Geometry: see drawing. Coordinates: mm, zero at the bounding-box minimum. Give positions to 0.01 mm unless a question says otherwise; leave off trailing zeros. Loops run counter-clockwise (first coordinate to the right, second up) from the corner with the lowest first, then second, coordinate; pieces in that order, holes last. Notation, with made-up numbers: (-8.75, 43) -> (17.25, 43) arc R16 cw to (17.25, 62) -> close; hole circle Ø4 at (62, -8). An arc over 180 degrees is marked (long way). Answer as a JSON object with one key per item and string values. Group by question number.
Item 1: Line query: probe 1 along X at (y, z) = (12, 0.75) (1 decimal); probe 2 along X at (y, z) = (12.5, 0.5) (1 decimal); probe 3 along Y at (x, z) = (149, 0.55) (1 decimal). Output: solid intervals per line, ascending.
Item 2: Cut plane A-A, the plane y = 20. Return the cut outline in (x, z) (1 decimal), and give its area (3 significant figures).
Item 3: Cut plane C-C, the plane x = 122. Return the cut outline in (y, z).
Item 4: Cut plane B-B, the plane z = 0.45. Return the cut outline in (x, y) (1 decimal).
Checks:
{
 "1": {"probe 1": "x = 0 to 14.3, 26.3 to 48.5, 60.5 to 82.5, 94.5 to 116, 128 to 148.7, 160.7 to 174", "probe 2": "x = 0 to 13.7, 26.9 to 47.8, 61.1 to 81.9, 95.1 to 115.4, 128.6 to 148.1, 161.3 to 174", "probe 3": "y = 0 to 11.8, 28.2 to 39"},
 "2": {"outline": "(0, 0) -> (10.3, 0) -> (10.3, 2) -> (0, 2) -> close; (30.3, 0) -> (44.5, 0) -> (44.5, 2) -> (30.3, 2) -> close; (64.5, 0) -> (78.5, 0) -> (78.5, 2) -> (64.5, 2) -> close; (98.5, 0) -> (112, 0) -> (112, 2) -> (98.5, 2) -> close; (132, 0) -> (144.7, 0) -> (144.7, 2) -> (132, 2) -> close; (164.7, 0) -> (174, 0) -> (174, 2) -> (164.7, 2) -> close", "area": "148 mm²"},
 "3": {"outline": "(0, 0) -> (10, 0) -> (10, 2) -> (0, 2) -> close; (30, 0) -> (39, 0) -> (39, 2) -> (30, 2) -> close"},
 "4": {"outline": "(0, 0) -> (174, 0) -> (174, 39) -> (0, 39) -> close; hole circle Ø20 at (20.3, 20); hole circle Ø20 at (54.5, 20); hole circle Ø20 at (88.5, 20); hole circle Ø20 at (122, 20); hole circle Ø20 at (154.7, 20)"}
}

------------------------------------------------------------------------

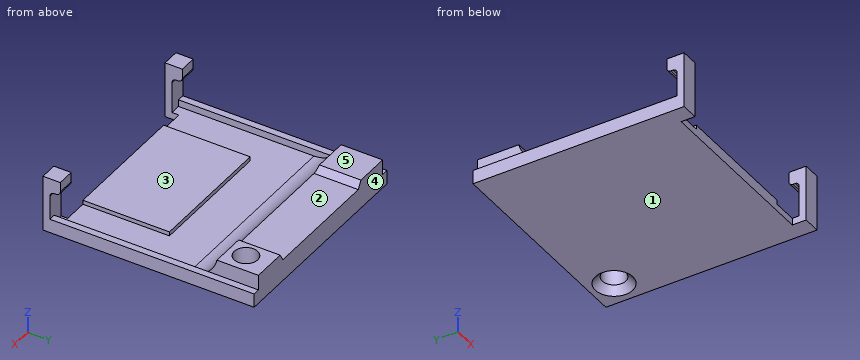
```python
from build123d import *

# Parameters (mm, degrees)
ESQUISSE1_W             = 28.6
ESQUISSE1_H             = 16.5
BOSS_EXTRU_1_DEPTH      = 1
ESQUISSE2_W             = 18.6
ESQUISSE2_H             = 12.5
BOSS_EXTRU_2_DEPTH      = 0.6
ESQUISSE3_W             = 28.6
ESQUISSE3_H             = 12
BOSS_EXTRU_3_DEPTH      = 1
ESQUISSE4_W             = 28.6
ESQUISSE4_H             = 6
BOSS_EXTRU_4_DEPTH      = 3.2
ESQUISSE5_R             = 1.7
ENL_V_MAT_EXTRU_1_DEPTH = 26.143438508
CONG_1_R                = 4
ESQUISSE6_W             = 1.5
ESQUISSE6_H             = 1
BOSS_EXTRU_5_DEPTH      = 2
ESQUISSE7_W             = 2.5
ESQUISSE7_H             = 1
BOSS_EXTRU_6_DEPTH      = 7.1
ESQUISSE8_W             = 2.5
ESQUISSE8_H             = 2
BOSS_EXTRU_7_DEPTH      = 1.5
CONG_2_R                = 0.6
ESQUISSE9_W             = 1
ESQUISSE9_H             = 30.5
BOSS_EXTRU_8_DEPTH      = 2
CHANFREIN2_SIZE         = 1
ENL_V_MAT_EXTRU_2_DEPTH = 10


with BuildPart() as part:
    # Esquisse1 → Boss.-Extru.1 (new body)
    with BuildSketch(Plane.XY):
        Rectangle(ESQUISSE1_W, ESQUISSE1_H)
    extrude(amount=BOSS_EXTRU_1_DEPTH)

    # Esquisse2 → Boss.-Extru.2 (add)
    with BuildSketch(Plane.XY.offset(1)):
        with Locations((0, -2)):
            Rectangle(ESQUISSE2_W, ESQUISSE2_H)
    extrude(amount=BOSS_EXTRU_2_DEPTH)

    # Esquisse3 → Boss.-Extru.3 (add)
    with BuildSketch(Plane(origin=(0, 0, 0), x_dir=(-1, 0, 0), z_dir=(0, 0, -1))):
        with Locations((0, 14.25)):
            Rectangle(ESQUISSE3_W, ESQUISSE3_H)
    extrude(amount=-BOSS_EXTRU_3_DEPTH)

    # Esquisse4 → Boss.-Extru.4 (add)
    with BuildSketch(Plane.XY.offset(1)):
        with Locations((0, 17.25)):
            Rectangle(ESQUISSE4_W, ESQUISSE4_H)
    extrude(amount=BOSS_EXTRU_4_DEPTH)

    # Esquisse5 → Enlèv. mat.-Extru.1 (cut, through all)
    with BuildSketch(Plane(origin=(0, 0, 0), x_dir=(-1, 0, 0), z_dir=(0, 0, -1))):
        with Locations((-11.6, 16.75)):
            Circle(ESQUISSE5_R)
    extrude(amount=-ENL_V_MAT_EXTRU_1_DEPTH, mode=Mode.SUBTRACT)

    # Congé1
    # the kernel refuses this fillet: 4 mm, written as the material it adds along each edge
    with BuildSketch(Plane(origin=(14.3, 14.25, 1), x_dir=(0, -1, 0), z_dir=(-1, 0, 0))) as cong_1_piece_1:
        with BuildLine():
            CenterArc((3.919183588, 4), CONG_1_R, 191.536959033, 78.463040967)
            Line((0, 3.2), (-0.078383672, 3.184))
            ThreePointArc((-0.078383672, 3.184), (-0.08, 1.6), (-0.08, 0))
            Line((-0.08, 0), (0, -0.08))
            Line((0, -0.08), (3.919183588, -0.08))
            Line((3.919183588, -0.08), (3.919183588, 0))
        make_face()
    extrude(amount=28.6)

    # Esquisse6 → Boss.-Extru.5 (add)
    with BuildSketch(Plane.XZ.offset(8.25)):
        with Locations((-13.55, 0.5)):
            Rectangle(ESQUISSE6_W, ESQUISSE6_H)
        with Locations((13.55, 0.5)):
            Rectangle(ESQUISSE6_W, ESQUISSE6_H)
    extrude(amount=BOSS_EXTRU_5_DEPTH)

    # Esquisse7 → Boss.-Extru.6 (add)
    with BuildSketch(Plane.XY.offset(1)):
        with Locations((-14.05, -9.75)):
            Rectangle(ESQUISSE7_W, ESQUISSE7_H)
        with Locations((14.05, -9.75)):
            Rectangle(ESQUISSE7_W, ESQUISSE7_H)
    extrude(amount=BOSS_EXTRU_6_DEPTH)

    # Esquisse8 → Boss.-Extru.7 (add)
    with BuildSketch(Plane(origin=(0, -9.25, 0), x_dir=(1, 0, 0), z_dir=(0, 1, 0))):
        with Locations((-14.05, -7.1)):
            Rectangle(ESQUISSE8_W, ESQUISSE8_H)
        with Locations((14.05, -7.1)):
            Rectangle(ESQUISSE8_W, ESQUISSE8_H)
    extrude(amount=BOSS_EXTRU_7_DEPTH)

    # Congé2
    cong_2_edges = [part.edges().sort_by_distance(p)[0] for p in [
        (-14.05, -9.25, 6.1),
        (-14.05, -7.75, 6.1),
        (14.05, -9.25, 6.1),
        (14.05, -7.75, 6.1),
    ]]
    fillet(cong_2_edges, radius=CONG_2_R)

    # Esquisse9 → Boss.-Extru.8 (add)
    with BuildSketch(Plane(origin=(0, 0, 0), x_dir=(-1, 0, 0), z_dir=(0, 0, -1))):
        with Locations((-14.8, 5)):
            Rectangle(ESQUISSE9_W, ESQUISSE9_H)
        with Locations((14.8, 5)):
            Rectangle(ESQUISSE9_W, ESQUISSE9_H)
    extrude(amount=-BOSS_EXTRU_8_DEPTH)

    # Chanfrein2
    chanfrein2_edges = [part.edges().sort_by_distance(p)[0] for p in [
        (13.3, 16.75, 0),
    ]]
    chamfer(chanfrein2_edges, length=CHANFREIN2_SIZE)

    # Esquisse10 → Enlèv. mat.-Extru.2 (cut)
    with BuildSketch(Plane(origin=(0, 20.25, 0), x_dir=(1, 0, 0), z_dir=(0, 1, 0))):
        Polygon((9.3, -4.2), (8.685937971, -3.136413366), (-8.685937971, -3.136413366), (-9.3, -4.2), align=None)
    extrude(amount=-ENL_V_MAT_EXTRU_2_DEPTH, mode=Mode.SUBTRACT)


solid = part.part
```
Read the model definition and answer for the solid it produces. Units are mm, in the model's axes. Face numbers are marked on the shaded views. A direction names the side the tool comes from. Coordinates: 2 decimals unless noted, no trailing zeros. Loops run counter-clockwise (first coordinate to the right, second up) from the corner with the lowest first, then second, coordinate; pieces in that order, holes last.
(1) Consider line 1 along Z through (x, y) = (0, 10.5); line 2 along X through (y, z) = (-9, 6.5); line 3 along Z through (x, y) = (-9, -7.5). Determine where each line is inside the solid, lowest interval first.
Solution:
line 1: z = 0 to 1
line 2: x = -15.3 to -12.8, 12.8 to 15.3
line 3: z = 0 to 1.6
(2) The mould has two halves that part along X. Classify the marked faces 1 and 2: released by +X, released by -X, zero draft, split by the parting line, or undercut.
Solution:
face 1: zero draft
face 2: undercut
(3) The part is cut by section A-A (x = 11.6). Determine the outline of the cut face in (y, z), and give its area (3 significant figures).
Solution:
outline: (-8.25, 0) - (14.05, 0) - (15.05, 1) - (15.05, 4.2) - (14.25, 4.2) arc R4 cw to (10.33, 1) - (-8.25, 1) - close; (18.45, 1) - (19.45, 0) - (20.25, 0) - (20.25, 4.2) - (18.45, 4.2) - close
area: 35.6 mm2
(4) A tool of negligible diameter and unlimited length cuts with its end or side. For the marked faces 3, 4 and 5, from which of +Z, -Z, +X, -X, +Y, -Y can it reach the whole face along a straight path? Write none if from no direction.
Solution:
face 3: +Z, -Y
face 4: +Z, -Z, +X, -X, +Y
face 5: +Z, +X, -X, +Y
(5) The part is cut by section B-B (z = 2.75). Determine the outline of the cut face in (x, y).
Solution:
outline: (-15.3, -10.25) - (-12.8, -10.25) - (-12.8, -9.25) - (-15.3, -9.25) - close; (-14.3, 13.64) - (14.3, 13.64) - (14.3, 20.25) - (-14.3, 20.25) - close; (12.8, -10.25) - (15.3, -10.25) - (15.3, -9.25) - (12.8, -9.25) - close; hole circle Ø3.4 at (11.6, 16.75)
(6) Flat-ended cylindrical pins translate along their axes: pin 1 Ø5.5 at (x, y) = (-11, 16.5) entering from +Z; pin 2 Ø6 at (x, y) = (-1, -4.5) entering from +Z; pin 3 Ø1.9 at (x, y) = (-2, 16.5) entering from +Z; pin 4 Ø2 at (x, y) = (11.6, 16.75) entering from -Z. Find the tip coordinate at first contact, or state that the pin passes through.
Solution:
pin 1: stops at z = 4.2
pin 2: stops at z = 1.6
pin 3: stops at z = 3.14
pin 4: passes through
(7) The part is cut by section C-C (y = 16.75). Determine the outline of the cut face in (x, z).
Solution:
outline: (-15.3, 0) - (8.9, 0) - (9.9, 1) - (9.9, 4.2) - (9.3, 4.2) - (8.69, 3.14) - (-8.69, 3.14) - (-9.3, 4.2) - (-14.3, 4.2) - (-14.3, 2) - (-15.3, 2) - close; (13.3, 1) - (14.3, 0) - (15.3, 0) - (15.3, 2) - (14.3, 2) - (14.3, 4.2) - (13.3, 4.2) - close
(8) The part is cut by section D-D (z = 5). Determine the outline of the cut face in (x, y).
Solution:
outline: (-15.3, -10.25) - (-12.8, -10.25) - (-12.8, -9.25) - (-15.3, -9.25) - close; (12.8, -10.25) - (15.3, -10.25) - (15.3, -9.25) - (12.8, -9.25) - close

------------------------------------------------------------------------

## TASK ITEM
The lines in the records above that include the word "length" must be copied out.

## PROBLEM SOLUTION
    chamfer(chanfrein2_edges, length=CHANFREIN2_SIZE)
(4) A tool of negligible diameter and unlimited length cuts with its end or side. For the marked faces 3, 4 and 5, from which of +Z, -Z, +X, -X, +Y, -Y can it reach the whole face along a straight path? Write none if from no direction.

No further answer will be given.